Что делать? Что делать?!
Черный зловеще сжал губы и, вытащив из воздуха небольшую коробочку зеленого бархата, перебросил ее Хельдеру. Тот едва-едва смог ее поймать, чудом не уронив на пол.
Рута, не заметившая манипуляций отца, с трудом сконцентрировала взгляд на руках парня:
— Это мне?
— Да, конечно!
Бордовые оттенки обоев начали бледнеть, возвращаясь к привычным розовым тонам.
Девушка осторожно забрала коробочку у Крапчатого, пальцы ее дрожали, открыла… И Хельдер проклял все. На алом бархате блестело тонкое кольцо. Простенькое, гладкое, без камней и украшений.
Обручальное.
К счастью, прежде чем Рута разглядела, что ей пытаются подарить, коробочка подернулась легким туманом, алый бархат сменился зеленым, а кольцо превратилось в аккуратные сережки.
А Крапчатый так и не понял, послышалось ему или за мгновение до того, как по комнате прошло искажение, он действительно услышал невнятный злой шепот, больше похожий на ругань.
И ругалась явно не Рута.
— Как мило, — улыбнулась девушка, бережно доставая сережку. — Мне идет? — спросила она, поднося украшение к уху. Подвеска-бабочка закачалась у самой щеки.
Вот чего Хельдер никак не понимал, так это как Рута могла столь быстро прийти в себя. Только что билась в эпилептическом припадке (и если верить Черному, это продолжалось аж со вчерашнего дня), и вот сидит, мило улыбается, а о давешнем приступе напоминают только чуть подрагивающие пальцы.
— Очень, — выдавил улыбку парень.
Да и Черный совершенно не удивлен такому быстрому восстановлению здоровья дочери.
Получается, это далеко не первый случай.
У дальней стены появилась золотая клетка с весело перепрыгивающей с жердочки на жердочку канарейкой. Для разнообразия трехголовой и с хвостом, как у райской птицы.
— Спасибо, — тихо шепнула Рута и, подавшись вперед, уткнулась носом в плечо Крапчатому.
Тот в очередной раз не знал, куда деть руки.
— Как ты себя чувствуешь? — Голос отца заставил девушку вздрогнуть.
Она удивленно оглянулась:
— Ох, папа, я не знала, что ты здесь. Уже лучше. У меня опять был приступ, да?
Черный отвернулся, не стал отвечать. И лишь когда молчание стало затягиваться, тихо вздохнул:
— Я позже зайду.
Его фигура подернулась темным дымком и растворилась в воздухе.
Честно говоря, Хельдер бы предпочел, чтобы все было наоборот — Черный остался, а сам он спокойно отправился домой.
Количество розовеньких пухленьких амурчиков на стенах росло в геометрической прогрессии.
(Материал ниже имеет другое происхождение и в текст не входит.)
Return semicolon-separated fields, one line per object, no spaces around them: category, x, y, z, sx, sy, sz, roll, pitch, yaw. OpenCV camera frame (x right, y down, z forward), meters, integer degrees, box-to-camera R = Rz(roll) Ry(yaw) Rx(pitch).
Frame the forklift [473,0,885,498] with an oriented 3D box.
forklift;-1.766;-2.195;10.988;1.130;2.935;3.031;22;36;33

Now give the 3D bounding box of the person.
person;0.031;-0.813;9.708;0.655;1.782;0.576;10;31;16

Еще чуть-чуть, и ими будет заполнен каждый брас стены. Ковер, на котором сидела Рута, выцвел до персиковых оттенков и начал разукрашиваться бабочками, птичками и цветами.
О, к слову о ковре.
— Может, пересядешь куда-нибудь? — предложил парень. — А то на полу…
Рута слабо улыбнулась:
— Да, конечно. Поможешь встать? А то голова еще кружится.
Несколько небрежно брошенных в углу гобеленовых подушек последние несколько минут сохраняли облик удобного мягкого кресла. Хельдер осторожно подвел к нему девушку, помог усесться. На кровати валялся пушистый тонкий плед. Накинув его на плечи больной, парень присел рядом на подлокотник:
— И давно у тебя такие… — на язык просилось «приступы», но Крапчатый решил обойтись чем-то более обтекаемым, — проблемы?
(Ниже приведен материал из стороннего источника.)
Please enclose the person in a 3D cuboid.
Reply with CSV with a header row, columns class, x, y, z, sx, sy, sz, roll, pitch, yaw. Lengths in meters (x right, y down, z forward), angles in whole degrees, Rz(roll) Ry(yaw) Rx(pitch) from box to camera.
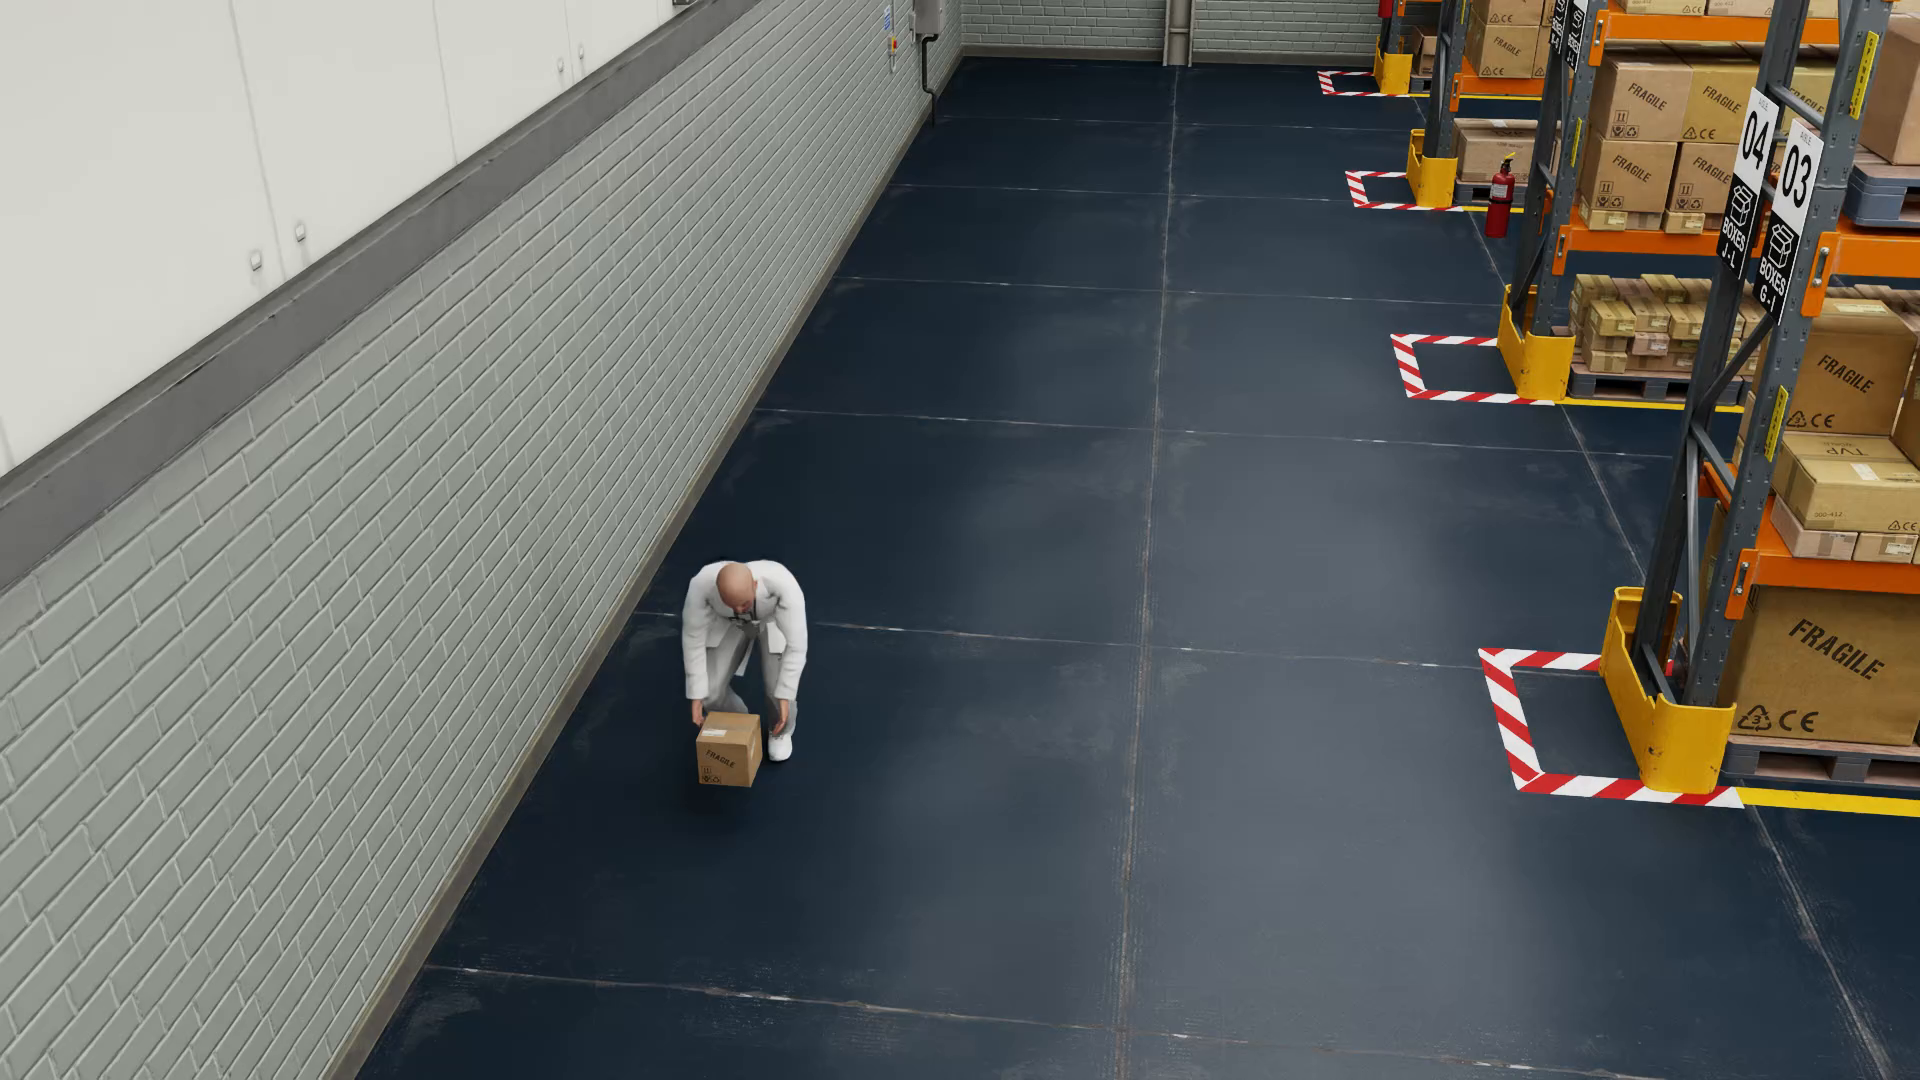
class,x,y,z,sx,sy,sz,roll,pitch,yaw
person,-1.028,0.532,8.219,0.632,1.235,0.797,3,28,6

Рута подняла на парня мутный взгляд:
— Лет с шести. Как мама умерла.
— Я даже не знал… А вроде часто общались.
Кривоватая улыбка:
— Приступы обычно раз в месяц случаются, я знаю примерные дни, стараюсь не показываться на людях. А в последнее время они еще и когда я нервничаю начали случаться. Но это сильно переживать надо.